(Source data)
........
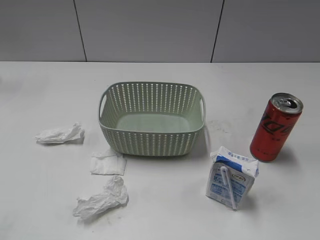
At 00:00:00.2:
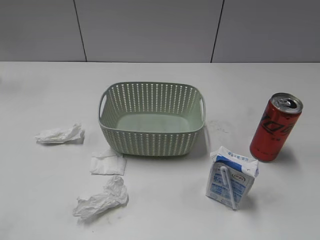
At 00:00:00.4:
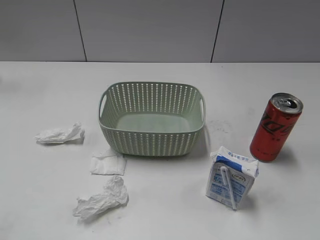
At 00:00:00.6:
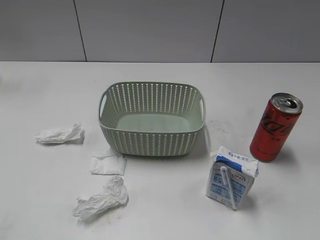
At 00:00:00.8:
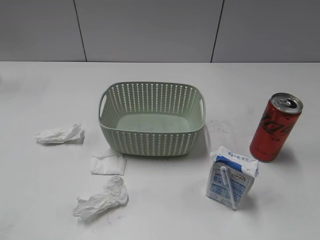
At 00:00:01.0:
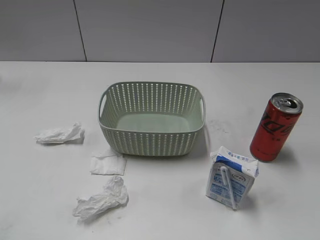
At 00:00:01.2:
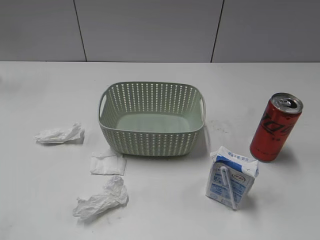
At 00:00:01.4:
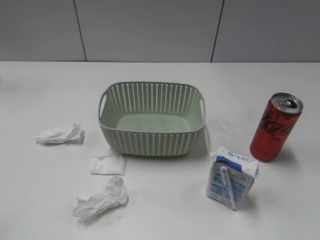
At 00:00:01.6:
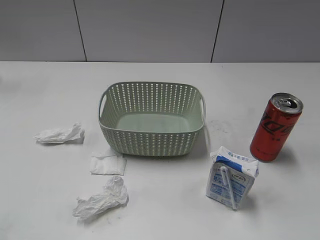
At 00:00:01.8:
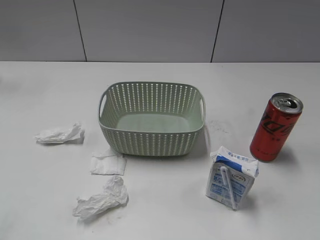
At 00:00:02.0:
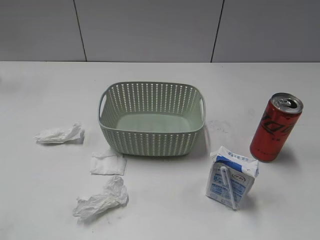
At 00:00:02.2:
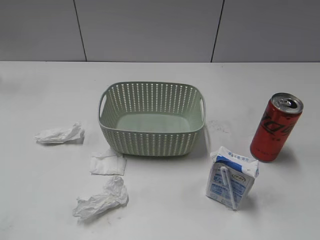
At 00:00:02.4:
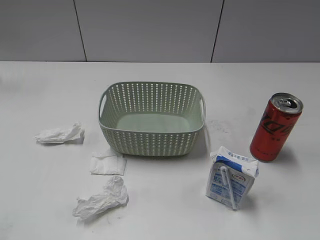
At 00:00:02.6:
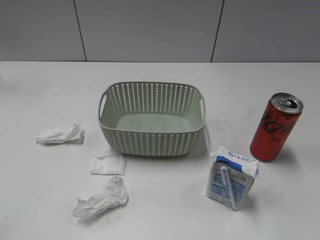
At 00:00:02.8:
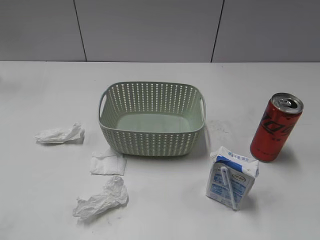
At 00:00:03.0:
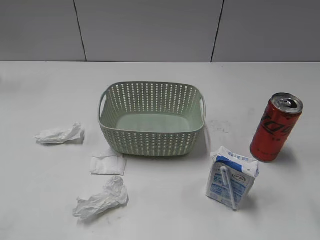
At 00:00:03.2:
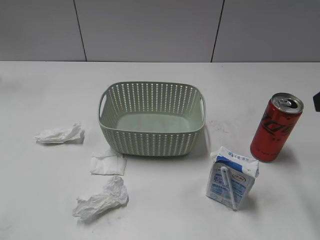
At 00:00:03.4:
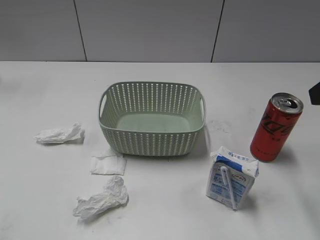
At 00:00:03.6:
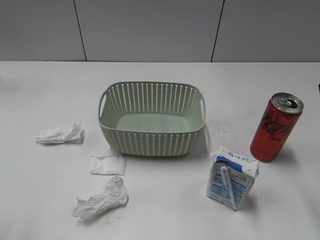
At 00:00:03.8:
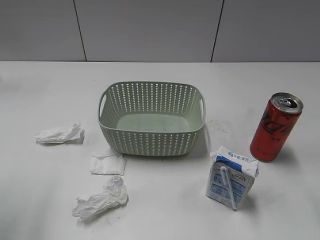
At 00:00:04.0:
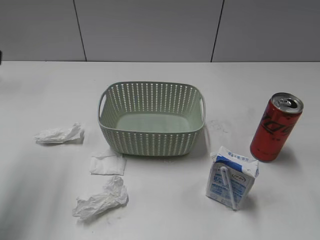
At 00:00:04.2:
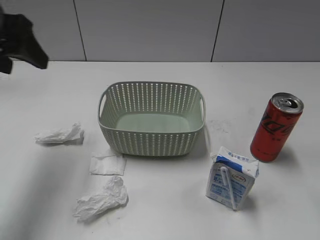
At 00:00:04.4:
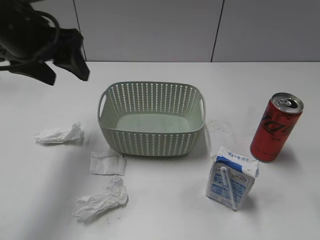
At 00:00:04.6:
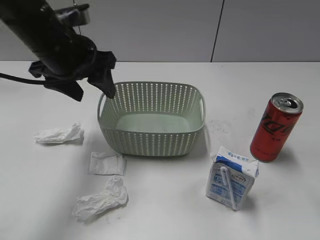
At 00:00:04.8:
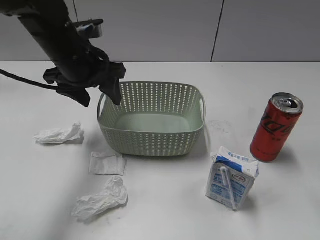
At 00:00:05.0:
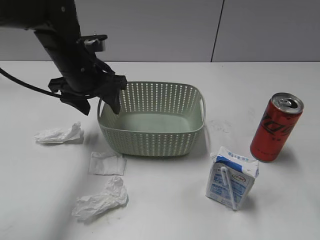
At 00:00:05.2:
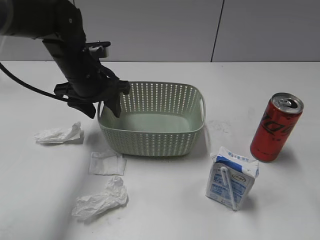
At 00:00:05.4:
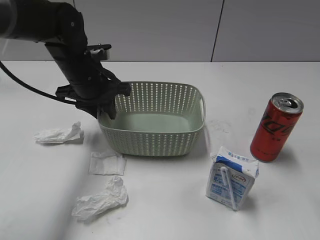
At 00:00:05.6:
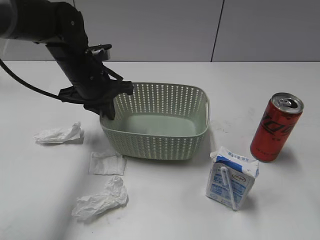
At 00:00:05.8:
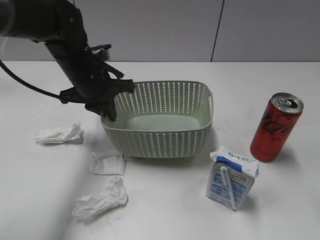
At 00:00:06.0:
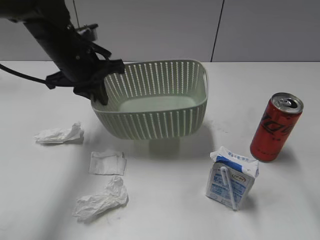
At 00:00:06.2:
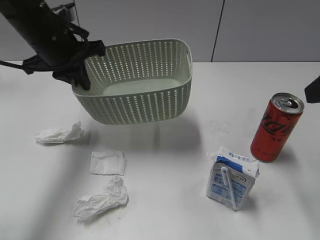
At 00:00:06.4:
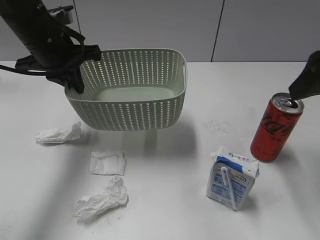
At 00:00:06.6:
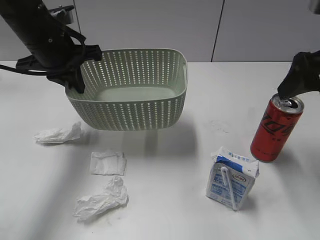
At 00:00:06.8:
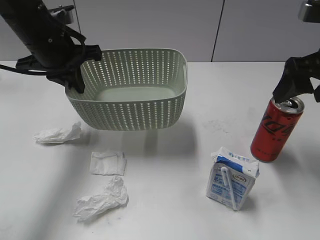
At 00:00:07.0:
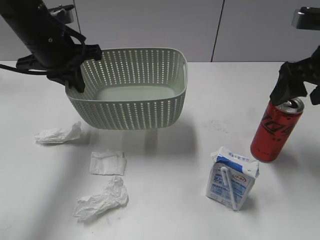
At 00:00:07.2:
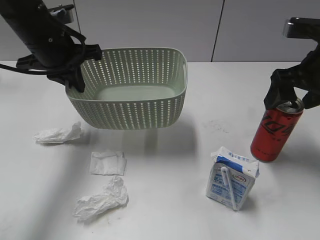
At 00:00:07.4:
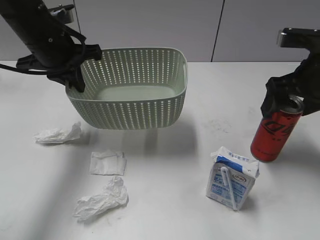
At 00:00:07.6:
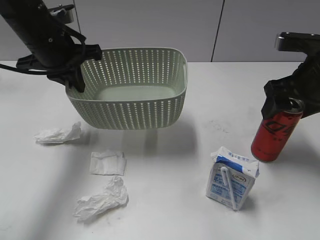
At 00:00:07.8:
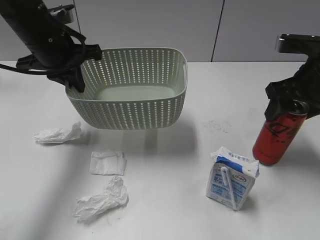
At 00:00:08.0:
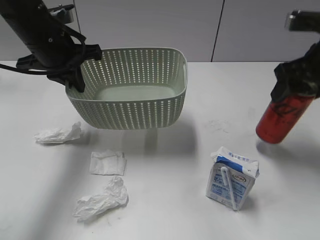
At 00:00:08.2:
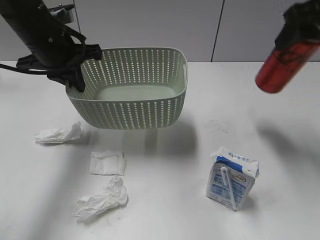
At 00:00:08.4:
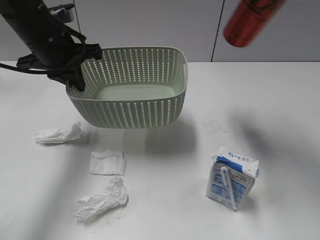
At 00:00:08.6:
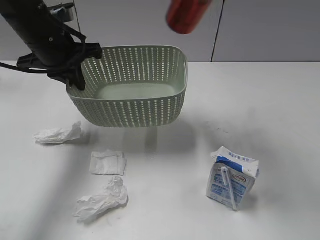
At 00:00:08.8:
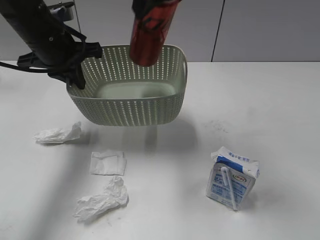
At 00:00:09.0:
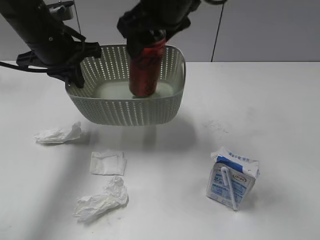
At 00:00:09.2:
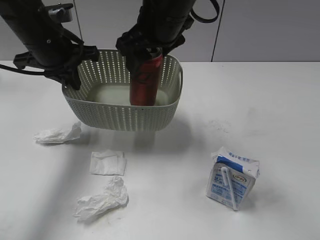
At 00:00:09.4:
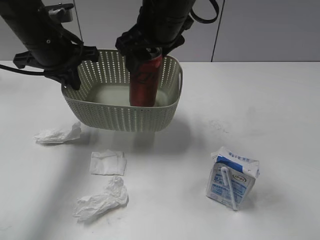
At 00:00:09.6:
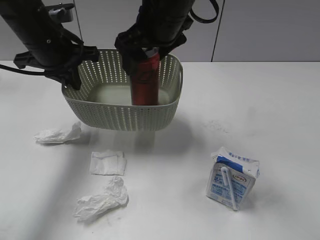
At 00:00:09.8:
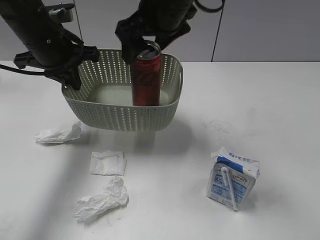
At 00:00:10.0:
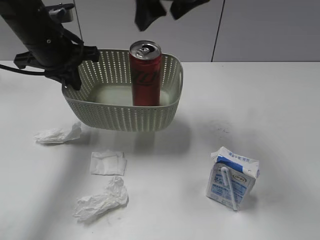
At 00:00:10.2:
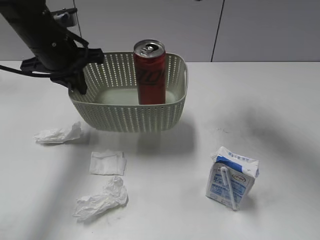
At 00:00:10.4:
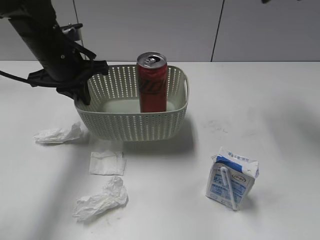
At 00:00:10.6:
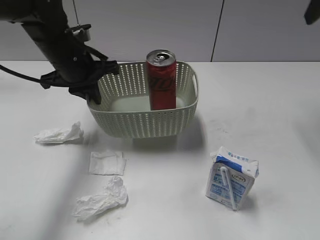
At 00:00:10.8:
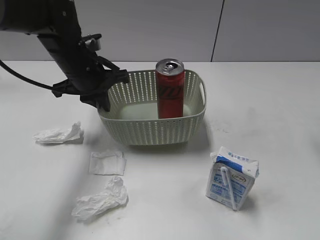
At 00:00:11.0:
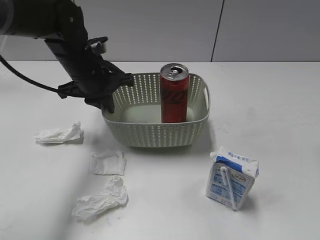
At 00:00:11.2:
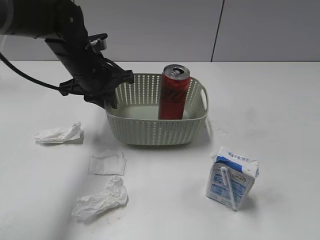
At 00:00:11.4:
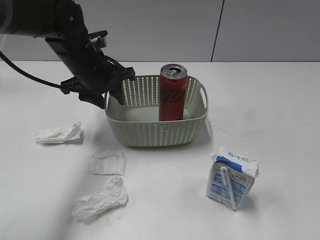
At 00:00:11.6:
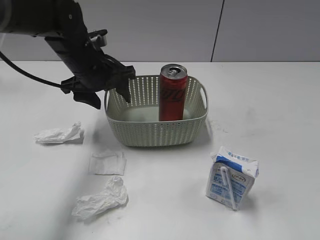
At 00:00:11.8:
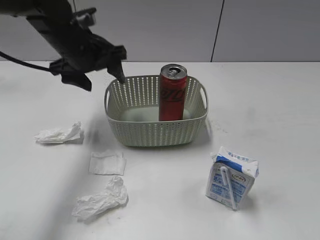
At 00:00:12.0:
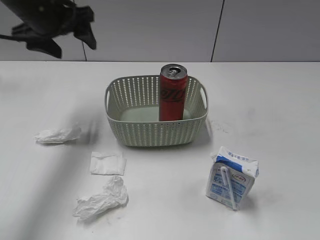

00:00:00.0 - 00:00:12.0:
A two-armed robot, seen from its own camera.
Step, 00:00:04.0 - 00:00:05.4: Grasp the basket with left gripper.
Step, 00:00:05.6 - 00:00:06.0: Lift the basket with left gripper.
Step, 00:00:06.2 - 00:00:07.6: Grasp the cola can with right gripper.
Step, 00:00:07.8 - 00:00:10.0: Place the cola can in the basket with right gripper.
Step, 00:00:10.2 - 00:00:11.6: Place the basket on the table with left gripper.
00:00:03.0 - 00:00:04.4: The left gripper travels forward and to the right by roughly 35 cm.
00:00:04.4 - 00:00:06.0: The left gripper goes some 10 cm downward and forward, and closes up.
00:00:06.0 - 00:00:07.6: The right gripper goes about 20 cm forward and downward, and opens, then closes once more.
00:00:07.6 - 00:00:09.0: The right gripper heads to the left, covering some 25 cm.
00:00:09.0 - 00:00:10.4: The right gripper goes about 20 cm to the right, and opens up.
00:00:10.4 - 00:00:12.0: The left gripper goes some 10 cm upward, and opens up; the right gripper shifts some 35 cm backward.
........
:: Task objective ::
Exact repetition of all entries is required. The pictures should not appear.

:: Solution to the problem ::
At 00:00:00.2:
At 00:00:00.4:
At 00:00:00.6:
At 00:00:00.8:
At 00:00:01.0:
At 00:00:01.2:
At 00:00:01.4:
At 00:00:01.6:
At 00:00:01.8:
At 00:00:02.0:
At 00:00:02.2:
At 00:00:02.4:
At 00:00:02.6:
At 00:00:02.8:
At 00:00:03.0:
At 00:00:03.2:
At 00:00:03.4:
At 00:00:03.6:
At 00:00:03.8:
At 00:00:04.0:
At 00:00:04.2:
At 00:00:04.4:
At 00:00:04.6:
At 00:00:04.8:
At 00:00:05.0:
At 00:00:05.2:
At 00:00:05.4:
At 00:00:05.6:
At 00:00:05.8:
At 00:00:06.0:
At 00:00:06.2:
At 00:00:06.4:
At 00:00:06.6:
At 00:00:06.8:
At 00:00:07.0:
At 00:00:07.2:
At 00:00:07.4:
At 00:00:07.6:
At 00:00:07.8:
At 00:00:08.0:
At 00:00:08.2:
At 00:00:08.4:
At 00:00:08.6:
At 00:00:08.8:
At 00:00:09.0:
At 00:00:09.2:
At 00:00:09.4:
At 00:00:09.6:
At 00:00:09.8:
At 00:00:10.0:
At 00:00:10.2:
At 00:00:10.4:
At 00:00:10.6:
At 00:00:10.8:
At 00:00:11.0:
At 00:00:11.2:
At 00:00:11.4:
At 00:00:11.6:
At 00:00:11.8:
At 00:00:12.0:

00:00:00.0 - 00:00:12.0:
A two-armed robot, seen from its own camera.
Step, 00:00:04.0 - 00:00:05.4: Grasp the basket with left gripper.
Step, 00:00:05.6 - 00:00:06.0: Lift the basket with left gripper.
Step, 00:00:06.2 - 00:00:07.6: Grasp the cola can with right gripper.
Step, 00:00:07.8 - 00:00:10.0: Place the cola can in the basket with right gripper.
Step, 00:00:10.2 - 00:00:11.6: Place the basket on the table with left gripper.
00:00:03.0 - 00:00:04.4: The left gripper travels forward and to the right by roughly 35 cm.
00:00:04.4 - 00:00:06.0: The left gripper goes some 10 cm downward and forward, and closes up.
00:00:06.0 - 00:00:07.6: The right gripper goes about 20 cm forward and downward, and opens, then closes once more.
00:00:07.6 - 00:00:09.0: The right gripper heads to the left, covering some 25 cm.
00:00:09.0 - 00:00:10.4: The right gripper goes about 20 cm to the right, and opens up.
00:00:10.4 - 00:00:12.0: The left gripper goes some 10 cm upward, and opens up; the right gripper shifts some 35 cm backward.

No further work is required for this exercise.